Records contained in a dataset:
::::::::::

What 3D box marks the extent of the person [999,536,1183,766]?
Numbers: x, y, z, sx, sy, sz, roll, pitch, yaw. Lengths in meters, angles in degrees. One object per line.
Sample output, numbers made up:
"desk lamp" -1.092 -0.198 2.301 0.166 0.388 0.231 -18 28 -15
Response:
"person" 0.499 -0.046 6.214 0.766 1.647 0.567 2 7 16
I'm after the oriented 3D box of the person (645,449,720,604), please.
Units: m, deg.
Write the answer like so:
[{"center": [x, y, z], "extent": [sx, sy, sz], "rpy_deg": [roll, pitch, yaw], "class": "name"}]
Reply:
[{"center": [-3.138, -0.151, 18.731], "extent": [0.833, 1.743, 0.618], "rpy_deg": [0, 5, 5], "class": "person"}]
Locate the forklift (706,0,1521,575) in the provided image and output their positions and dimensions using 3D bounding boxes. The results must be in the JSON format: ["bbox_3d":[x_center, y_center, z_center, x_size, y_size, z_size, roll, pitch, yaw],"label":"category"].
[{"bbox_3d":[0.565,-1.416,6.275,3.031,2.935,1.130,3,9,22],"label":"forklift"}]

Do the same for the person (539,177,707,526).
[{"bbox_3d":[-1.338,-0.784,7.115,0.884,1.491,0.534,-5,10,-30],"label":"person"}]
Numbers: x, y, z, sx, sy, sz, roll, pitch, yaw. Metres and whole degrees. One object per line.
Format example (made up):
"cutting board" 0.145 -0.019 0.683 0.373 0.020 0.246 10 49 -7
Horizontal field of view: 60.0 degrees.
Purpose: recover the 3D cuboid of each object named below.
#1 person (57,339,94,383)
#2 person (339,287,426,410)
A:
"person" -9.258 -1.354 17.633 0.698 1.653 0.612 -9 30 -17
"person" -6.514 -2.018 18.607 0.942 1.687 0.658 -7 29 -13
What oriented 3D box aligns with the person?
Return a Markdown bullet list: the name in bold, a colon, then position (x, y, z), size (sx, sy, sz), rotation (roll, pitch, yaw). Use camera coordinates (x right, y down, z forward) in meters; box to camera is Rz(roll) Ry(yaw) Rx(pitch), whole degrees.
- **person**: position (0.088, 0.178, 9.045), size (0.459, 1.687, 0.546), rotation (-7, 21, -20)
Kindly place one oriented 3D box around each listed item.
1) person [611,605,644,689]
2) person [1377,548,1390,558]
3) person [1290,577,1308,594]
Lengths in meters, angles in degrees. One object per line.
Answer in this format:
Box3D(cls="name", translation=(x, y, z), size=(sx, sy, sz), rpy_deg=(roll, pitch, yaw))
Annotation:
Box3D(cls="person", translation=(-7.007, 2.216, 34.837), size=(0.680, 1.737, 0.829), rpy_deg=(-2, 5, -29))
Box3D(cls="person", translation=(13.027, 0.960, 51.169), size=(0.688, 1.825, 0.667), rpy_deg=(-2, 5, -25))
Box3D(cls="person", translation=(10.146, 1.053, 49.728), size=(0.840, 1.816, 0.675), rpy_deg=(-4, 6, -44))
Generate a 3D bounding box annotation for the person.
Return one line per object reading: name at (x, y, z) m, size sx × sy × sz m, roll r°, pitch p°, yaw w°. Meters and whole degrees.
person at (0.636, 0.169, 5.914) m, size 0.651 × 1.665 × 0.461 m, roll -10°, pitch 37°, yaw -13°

::::::::::

▶ **The problem**: Nothing in the records may be left out; transcribe all of them exactly.

▶ **Answer to this problem**:
What 3D box marks the extent of the person [999,536,1183,766]?
Numbers: x, y, z, sx, sy, sz, roll, pitch, yaw. Lengths in meters, angles in degrees. One object per line.
Sample output, numbers made up:
"desk lamp" -1.092 -0.198 2.301 0.166 0.388 0.231 -18 28 -15
Response:
"person" 0.499 -0.046 6.214 0.766 1.647 0.567 2 7 16
I'm after the oriented 3D box of the person (645,449,720,604), please.
Units: m, deg.
Write the answer like so:
[{"center": [x, y, z], "extent": [sx, sy, sz], "rpy_deg": [roll, pitch, yaw], "class": "name"}]
Reply:
[{"center": [-3.138, -0.151, 18.731], "extent": [0.833, 1.743, 0.618], "rpy_deg": [0, 5, 5], "class": "person"}]
Locate the forklift (706,0,1521,575) in the provided image and output their positions and dimensions using 3D bounding boxes. The results must be in the JSON format: ["bbox_3d":[x_center, y_center, z_center, x_size, y_size, z_size, roll, pitch, yaw],"label":"category"].
[{"bbox_3d":[0.565,-1.416,6.275,3.031,2.935,1.130,3,9,22],"label":"forklift"}]

Do the same for the person (539,177,707,526).
[{"bbox_3d":[-1.338,-0.784,7.115,0.884,1.491,0.534,-5,10,-30],"label":"person"}]
Numbers: x, y, z, sx, sy, sz, roll, pitch, yaw. Metres and whole degrees. One object per line.
Format example (made up):
"cutting board" 0.145 -0.019 0.683 0.373 0.020 0.246 10 49 -7
Horizontal field of view: 60.0 degrees.
Purpose: recover the 3D cuboid of each object named below.
#1 person (57,339,94,383)
#2 person (339,287,426,410)
A:
"person" -9.258 -1.354 17.633 0.698 1.653 0.612 -9 30 -17
"person" -6.514 -2.018 18.607 0.942 1.687 0.658 -7 29 -13
What oriented 3D box aligns with the person?
Return a Markdown bullet list: the name in bold, a colon, then position (x, y, z), size (sx, sy, sz), rotation (roll, pitch, yaw). Use camera coordinates (x right, y down, z forward) in meters; box to camera is Rz(roll) Ry(yaw) Rx(pitch), whole degrees.
- **person**: position (0.088, 0.178, 9.045), size (0.459, 1.687, 0.546), rotation (-7, 21, -20)
Kindly place one oriented 3D box around each listed item.
1) person [611,605,644,689]
2) person [1377,548,1390,558]
3) person [1290,577,1308,594]
Lengths in meters, angles in degrees. One object per line.
Answer in this format:
Box3D(cls="name", translation=(x, y, z), size=(sx, sy, sz), rpy_deg=(roll, pitch, yaw))
Annotation:
Box3D(cls="person", translation=(-7.007, 2.216, 34.837), size=(0.680, 1.737, 0.829), rpy_deg=(-2, 5, -29))
Box3D(cls="person", translation=(13.027, 0.960, 51.169), size=(0.688, 1.825, 0.667), rpy_deg=(-2, 5, -25))
Box3D(cls="person", translation=(10.146, 1.053, 49.728), size=(0.840, 1.816, 0.675), rpy_deg=(-4, 6, -44))
Generate a 3D bounding box annotation for the person.
Return one line per object reading: name at (x, y, z) m, size sx × sy × sz m, roll r°, pitch p°, yaw w°. Meters and whole degrees.
person at (0.636, 0.169, 5.914) m, size 0.651 × 1.665 × 0.461 m, roll -10°, pitch 37°, yaw -13°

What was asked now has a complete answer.